Parameter to finetune in localization:
 - pano_proj_ray: 2D to 3D projection function for different image type.
 - offset: constant offset applied to camera position and orientation during projection
 - intersection_threshold: maximum distance for two rays to formulate an intersection
 - clustering_threshold: eps of DBSCAN to create candidate from intersection cluster in dynamic pool
 - candidate_update_threshold: eps of DBSCAN to merge duplicate candidates after iteration finishs
 - candidate_missing_limit: life time a active candidate without detection in number of images 
 - radius: maximum distance of valid intersetions to correspond camera position. Further detection is not reliable and therefore discarded. 
 - mask_area_control: bool, if using mask area from image detection to filter potential false positive intersections.
 - height_control: bool, if using camera height and hard coded height constraints to fiter potential false positive intersections.

In [30]:
# To pass an offset to cylin_pano_proj_ray while keeping the (frame_id, frame) signature,
# use a lambda or functools.partial to "bind" the offset argument:
out_gdf, candidate_list, ray_list, intersection_objs = triangulation_peeling(
    grouped, 
    partial(cylin_pano_proj_ray, offset=[0,0,0,0.5,0,-0.3]),
    intersection_threshold=0.5,
    clustering_threshold=1,
    candidate_update_threshold=1,
    candidate_missing_limit=5,
    radius=20,
    mask_area_control=False,
    height_control=True)

Processing frames: 100%|██████████| 4697/4697 [00:33<00:00, 141.65it/s]
100%|██████████| 1496/1496 [00:00<00:00, 217019.29it/s]


In [None]:
out_gdf.to_file(f"../../output/triangulation_pred_peeling_20m.gpkg", driver="GPKG")

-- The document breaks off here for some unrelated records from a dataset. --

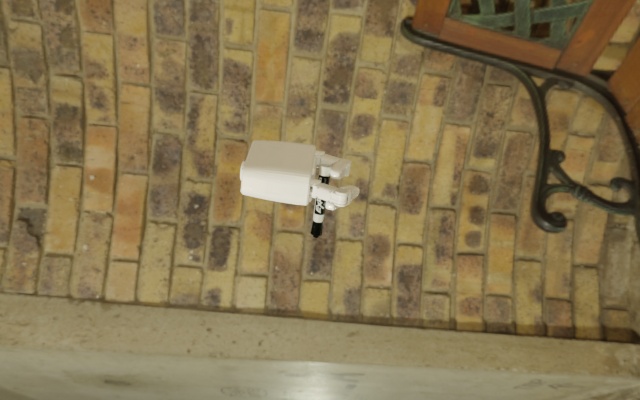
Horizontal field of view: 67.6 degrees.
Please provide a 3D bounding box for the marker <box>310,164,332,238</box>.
[{"bbox_3d":[0.000,0.002,0.754,0.020,0.121,0.020,7,19,-2],"label":"marker"}]
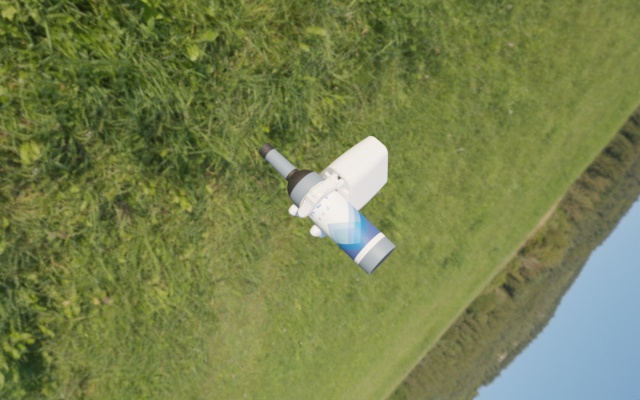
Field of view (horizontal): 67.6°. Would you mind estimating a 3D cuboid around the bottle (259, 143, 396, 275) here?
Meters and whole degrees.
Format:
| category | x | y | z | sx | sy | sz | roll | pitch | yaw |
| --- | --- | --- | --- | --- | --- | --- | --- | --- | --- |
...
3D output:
| category | x | y | z | sx | sy | sz | roll | pitch | yaw |
| --- | --- | --- | --- | --- | --- | --- | --- | --- | --- |
| bottle | 0.000 | 0.003 | 0.835 | 0.295 | 0.069 | 0.069 | 44 | 13 | 14 |

You can inspect intersection of each candidate to find the best parameters for you dataset. 

In [None]:
# Convert intersection_objs to GeoDataFrame
intersection_gdf = gpd.GeoDataFrame(
    [
        {
            "geometry": Point(inter.point),
            "ray_pair": inter.ray_pair,
            "dist": inter.dist,
            "length": inter.length
        }
        for inter in intersection_objs
    ],
    geometry="geometry",
    crs="epsg:2056"
)

intersection_gdf.to_file("../../output/triangulation_peeling_intersections_NE.gpkg", driver="GPKG")

# Metrics

Definition: For each annotated ground truth, we regard it as detected if we have a candidate within 2 meters from its centoid.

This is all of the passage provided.